EXCERPTED RECORDS below:

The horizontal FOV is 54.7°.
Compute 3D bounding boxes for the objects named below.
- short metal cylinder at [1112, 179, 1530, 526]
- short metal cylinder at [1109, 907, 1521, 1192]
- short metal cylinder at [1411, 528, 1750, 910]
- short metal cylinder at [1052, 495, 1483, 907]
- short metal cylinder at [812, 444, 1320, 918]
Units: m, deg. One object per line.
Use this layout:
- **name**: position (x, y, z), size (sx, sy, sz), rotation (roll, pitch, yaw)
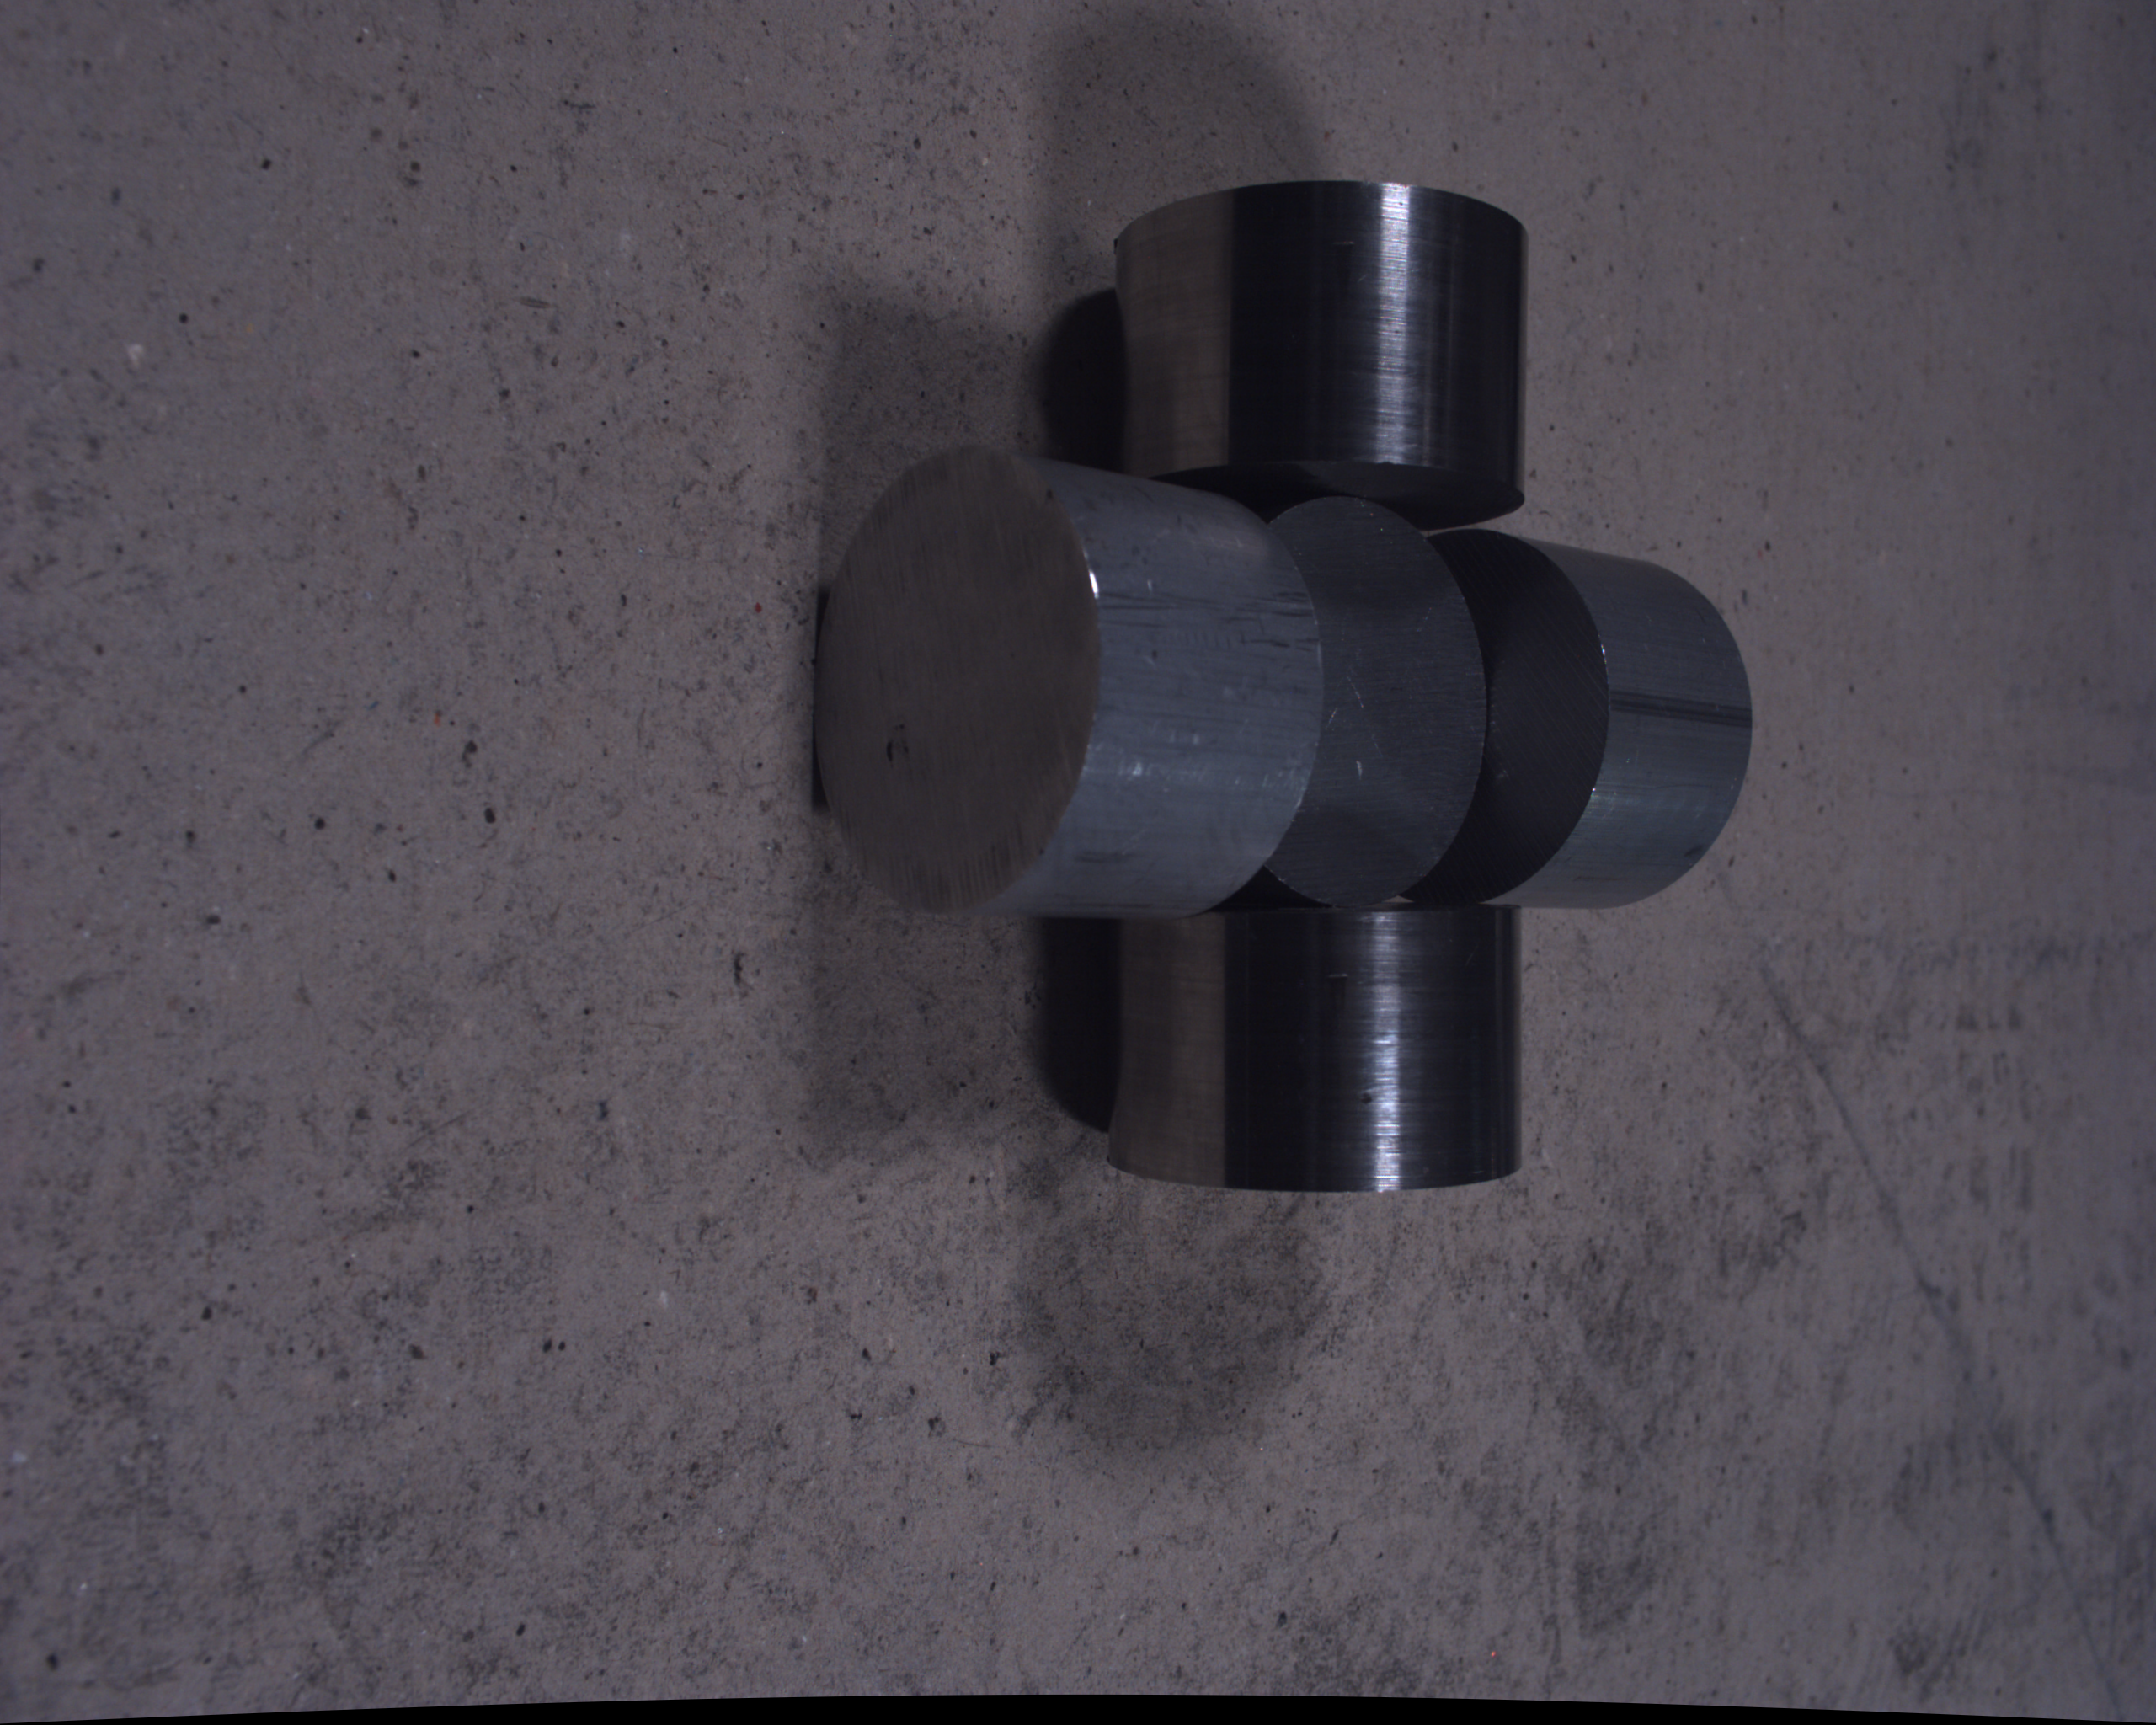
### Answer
- **short metal cylinder**: position (0.048, -0.097, 0.411), size (0.081, 0.080, 0.050), rotation (2, 89, -40)
- **short metal cylinder**: position (0.046, 0.034, 0.411), size (0.081, 0.080, 0.050), rotation (0, 89, -40)
- **short metal cylinder**: position (0.097, -0.030, 0.454), size (0.050, 0.080, 0.079), rotation (3, 89, -40)
- **short metal cylinder**: position (0.037, -0.031, 0.423), size (0.081, 0.050, 0.079), rotation (0, 90, -40)
- **short metal cylinder**: position (-0.004, -0.030, 0.369), size (0.050, 0.080, 0.079), rotation (3, 89, -40)

End of EXCERPTED RECORDS.

● **BRIEF**
Transcribe the entries above verbatim, excluding any image.

● **THE ANSWER**
The horizontal FOV is 54.7°.
Compute 3D bounding boxes for the objects named below.
- short metal cylinder at [1112, 179, 1530, 526]
- short metal cylinder at [1109, 907, 1521, 1192]
- short metal cylinder at [1411, 528, 1750, 910]
- short metal cylinder at [1052, 495, 1483, 907]
- short metal cylinder at [812, 444, 1320, 918]
Units: m, deg. One object per line.
Use this layout:
- **name**: position (x, y, z), size (sx, sy, sz), rotation (roll, pitch, yaw)
### Answer
- **short metal cylinder**: position (0.048, -0.097, 0.411), size (0.081, 0.080, 0.050), rotation (2, 89, -40)
- **short metal cylinder**: position (0.046, 0.034, 0.411), size (0.081, 0.080, 0.050), rotation (0, 89, -40)
- **short metal cylinder**: position (0.097, -0.030, 0.454), size (0.050, 0.080, 0.079), rotation (3, 89, -40)
- **short metal cylinder**: position (0.037, -0.031, 0.423), size (0.081, 0.050, 0.079), rotation (0, 90, -40)
- **short metal cylinder**: position (-0.004, -0.030, 0.369), size (0.050, 0.080, 0.079), rotation (3, 89, -40)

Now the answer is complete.